Developers lose challenge over tax bill

But members of the group might appeal the decision, which calls for them to pay $269,000.

By CARRIE JOHNSON, Times Staff Writer
© St. Petersburg Times
published June 26, 2002


INVERNESS -- Former landowners in Sugarmill Woods were rebuffed in their attempt to overturn a judge's decision that would force them to pay the county back taxes.

Love PGI Partners L.P. and Sugarmill Woods Inc. asked the 5th District Court of Appeal in October to dismiss a decision by Circuit Court Judge Barbara Gurrola. She ruled the developers were not entitled to an agricultural exemption that saved them $269,000 in 1997.

In a June 21 decision, the appeals court rejected the landowners' petition, affirming the group was ineligible for the exemption because it did not file by the March 1 deadline.
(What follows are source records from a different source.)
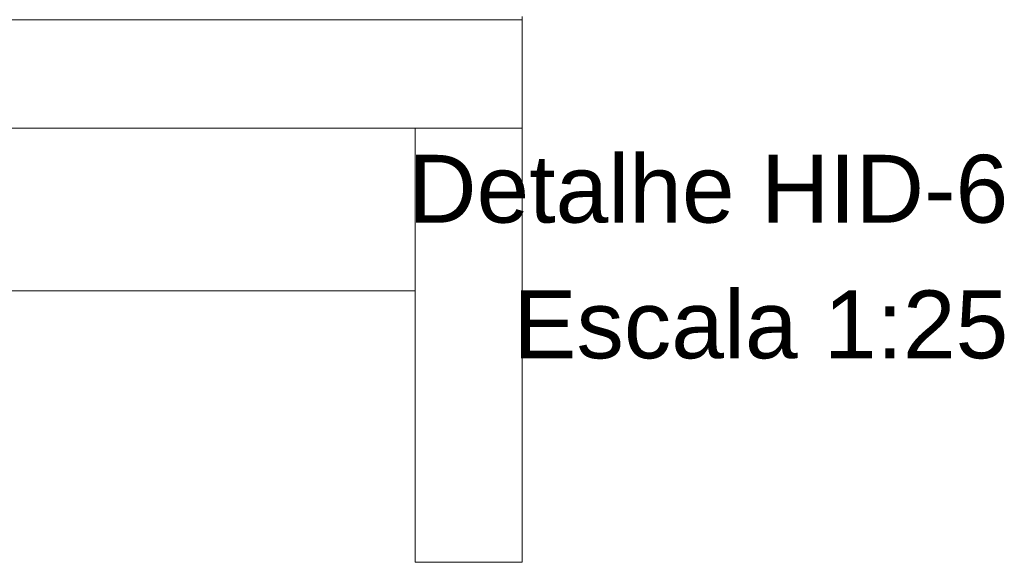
# Model space of a CAD drawing. Header units: millimetres. Extents: x -16331 to -10174, y -4135 to -3584.
# Tile 63 of 256: x -10359.81 to -10355.45, y -4021.47 to -4019.07. Entities that reach past the tile are written whole.
import ezdxf

# ---------------------------------------------------------------- set-up
doc = ezdxf.new("R2010")
doc.units = ezdxf.units.MM
for name, color, linetype, lineweight in [('DI-Elementos externos em corte', 9, 'Continuous', 18), ('DI-Elementos externos em vista', 9, 'Continuous', 5), ('DI-Títulos', 3, 'Continuous', 5), ('IFC-IfcBeam-Contorno', 250, 'Continuous', 5), ('IFC-IfcFooting-Contorno', 250, 'Continuous', 5)]:
    doc.layers.add(name, color=color, linetype=linetype, lineweight=lineweight)
doc.styles.add('Arial', font='arial.ttf', dxfattribs={"height": 100})

msp = doc.modelspace()

# ---------------------------------------------------------------- linework, layer by layer
at = {"layer": 'DI-Elementos externos em corte'}
for p, q in [((-10362.0203, -4019.0718), (-10359.2755, -4019.0718)), ((-10358.0559, -4019.0718), (-10361.1132, -4019.0718)), ((-10359.2755, -4019.0718), (-10358.0559, -4019.0718)), ((-10357.8943, -4019.0718), (-10358.0559, -4019.0718)), ((-10358.0559, -4019.0718), (-10357.5826, -4019.0718)), ((-10357.5826, -4019.0718), (-10357.8943, -4019.0718)), ((-10357.5826, -4019.0718), (-10357.5826, -4019.0582)), ((-10357.5826, -4019.2995), (-10357.5826, -4019.0718)), ((-10357.5826, -4019.5518), (-10357.5826, -4019.2995)), ((-10361.1132, -4019.5518), (-10358.0559, -4019.5518)), ((-10358.0559, -4019.5518), (-10357.8943, -4019.5518)), ((-10357.8943, -4019.5518), (-10357.5826, -4019.5518))]:
    msp.add_line(p, q, dxfattribs=at)
at = {"layer": 'DI-Elementos externos em corte', "lineweight": 5}
for p, q in [((-10362.0203, -4019.0718), (-10359.2755, -4019.0718)), ((-10358.0559, -4019.0718), (-10361.1132, -4019.0718)), ((-10359.2755, -4019.0718), (-10358.0559, -4019.0718)), ((-10357.8943, -4019.0718), (-10358.0559, -4019.0718)), ((-10358.0559, -4019.0718), (-10357.5826, -4019.0718)), ((-10357.5826, -4019.0718), (-10357.8943, -4019.0718)), ((-10357.5826, -4019.0718), (-10357.5826, -4019.0582)), ((-10357.5826, -4019.2995), (-10357.5826, -4019.0718)), ((-10357.5826, -4019.5518), (-10357.5826, -4019.2995)), ((-10361.1132, -4019.5518), (-10358.0559, -4019.5518)), ((-10358.0559, -4019.5518), (-10357.8943, -4019.5518)), ((-10357.8943, -4019.5518), (-10357.5826, -4019.5518))]:
    msp.add_line(p, q, dxfattribs=at)
at = {"layer": 'DI-Elementos externos em vista'}
for p, q in [((-10358.0559, -4020.2717), (-10358.0559, -4019.5518)), ((-10358.0559, -4019.5518), (-10358.0559, -4020.2717)), ((-10357.5826, -4020.9984), (-10357.5826, -4019.5518)), ((-10362.2559, -4020.2717), (-10358.0559, -4020.2717)), ((-10358.0559, -4020.2717), (-10358.0559, -4021.4718)), ((-10357.5826, -4021.4718), (-10357.5826, -4020.9984)), ((-10358.0559, -4021.4718), (-10357.5826, -4021.4718))]:
    msp.add_line(p, q, dxfattribs=at)
at = {"layer": 'IFC-IfcBeam-Contorno', "lineweight": 5}
for p, q in [((-10358.0559, -4020.2717), (-10358.0559, -4019.5518)), ((-10362.2559, -4020.2717), (-10358.0559, -4020.2717))]:
    msp.add_line(p, q, dxfattribs=at)
at = {"layer": 'IFC-IfcFooting-Contorno', "lineweight": 5}
for p, q in [((-10358.0559, -4019.5518), (-10358.0559, -4020.2717)), ((-10357.5826, -4020.9984), (-10357.5826, -4019.5518)), ((-10358.0559, -4020.2717), (-10358.0559, -4021.4718)), ((-10357.5826, -4021.4718), (-10357.5826, -4020.9984)), ((-10358.0559, -4021.4718), (-10357.5826, -4021.4718))]:
    msp.add_line(p, q, dxfattribs=at)

# ---------------------------------------------------------------- texts
at = {"layer": 'DI-Títulos', "char_height": 0.3, "attachment_point": 9, "line_spacing_factor": 0.6, "style": 'Arial'}
for s, insert, width in [('Detalhe HID-6', (-10355.4324, -4019.9737), 5.309909), ('Escala 1:25', (-10355.4324, -4020.5737), 4.379726)]:
    msp.add_mtext(s, dxfattribs=dict(at, insert=insert, width=width))

doc.saveas('drawing.dxf')

Property appraiser Ron Schultz said this means the landowners now have to pay the county for the uncollected tax. "It's an unexpected windfall," he said. "A delightful surprise."

About half the money would be allocated to the Board of County Commissioners and the other half to the Citrus County School Board, Schultz said.

But Tracy Carlin, a lawyer who represented the landowners in the case, said another appeal to either the 5th District or the Florida Supreme Court is not out of the question. She said her clients are still analyzing their options.

The dispute began in 1992, when Schultz denied the developers an agricultural assessment after they removed their cows from 5,650 acres of south Citrus land the year before.

Unlike other land classifications, such as residential or commercial, an agricultural exemption qualifies property owners for a much lower tax rate.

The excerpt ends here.